START INFORMATION PROVIDED

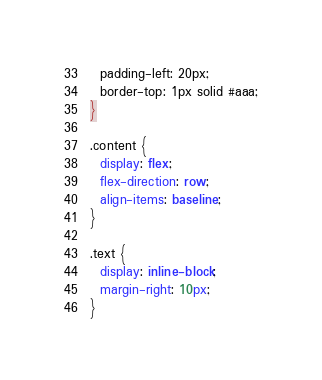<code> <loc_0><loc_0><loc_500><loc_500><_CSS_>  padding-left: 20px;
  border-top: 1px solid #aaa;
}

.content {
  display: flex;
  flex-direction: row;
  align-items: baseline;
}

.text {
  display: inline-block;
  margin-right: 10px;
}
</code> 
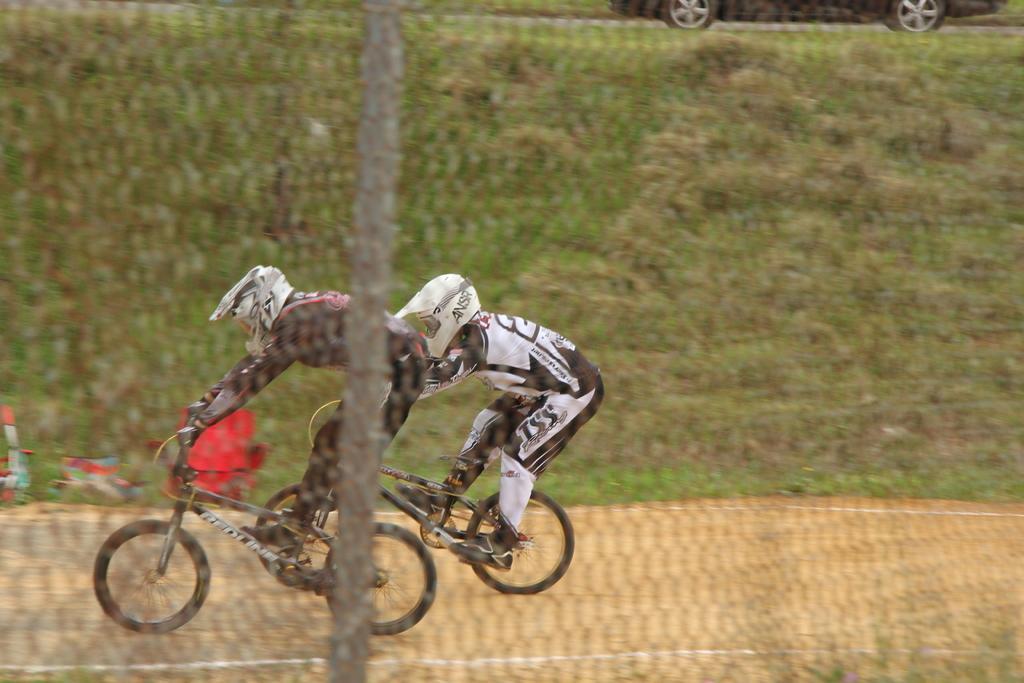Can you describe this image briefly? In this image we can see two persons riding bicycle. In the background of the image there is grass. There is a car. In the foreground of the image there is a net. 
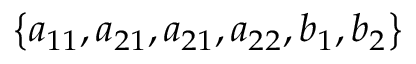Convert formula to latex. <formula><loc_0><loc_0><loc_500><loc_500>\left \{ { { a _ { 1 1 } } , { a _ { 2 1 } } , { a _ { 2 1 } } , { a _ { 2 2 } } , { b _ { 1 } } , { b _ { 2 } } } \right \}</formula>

END INFORMATION PROVIDED

All of the material should be reproduced exactly, apart from the pictures.

<code> <loc_0><loc_0><loc_500><loc_500><_CSS_>  padding-left: 20px;
  border-top: 1px solid #aaa;
}

.content {
  display: flex;
  flex-direction: row;
  align-items: baseline;
}

.text {
  display: inline-block;
  margin-right: 10px;
}
</code> 
Can you describe this image briefly? In this image we can see two persons riding bicycle. In the background of the image there is grass. There is a car. In the foreground of the image there is a net. 
Convert formula to latex. <formula><loc_0><loc_0><loc_500><loc_500>\left \{ { { a _ { 1 1 } } , { a _ { 2 1 } } , { a _ { 2 1 } } , { a _ { 2 2 } } , { b _ { 1 } } , { b _ { 2 } } } \right \}</formula>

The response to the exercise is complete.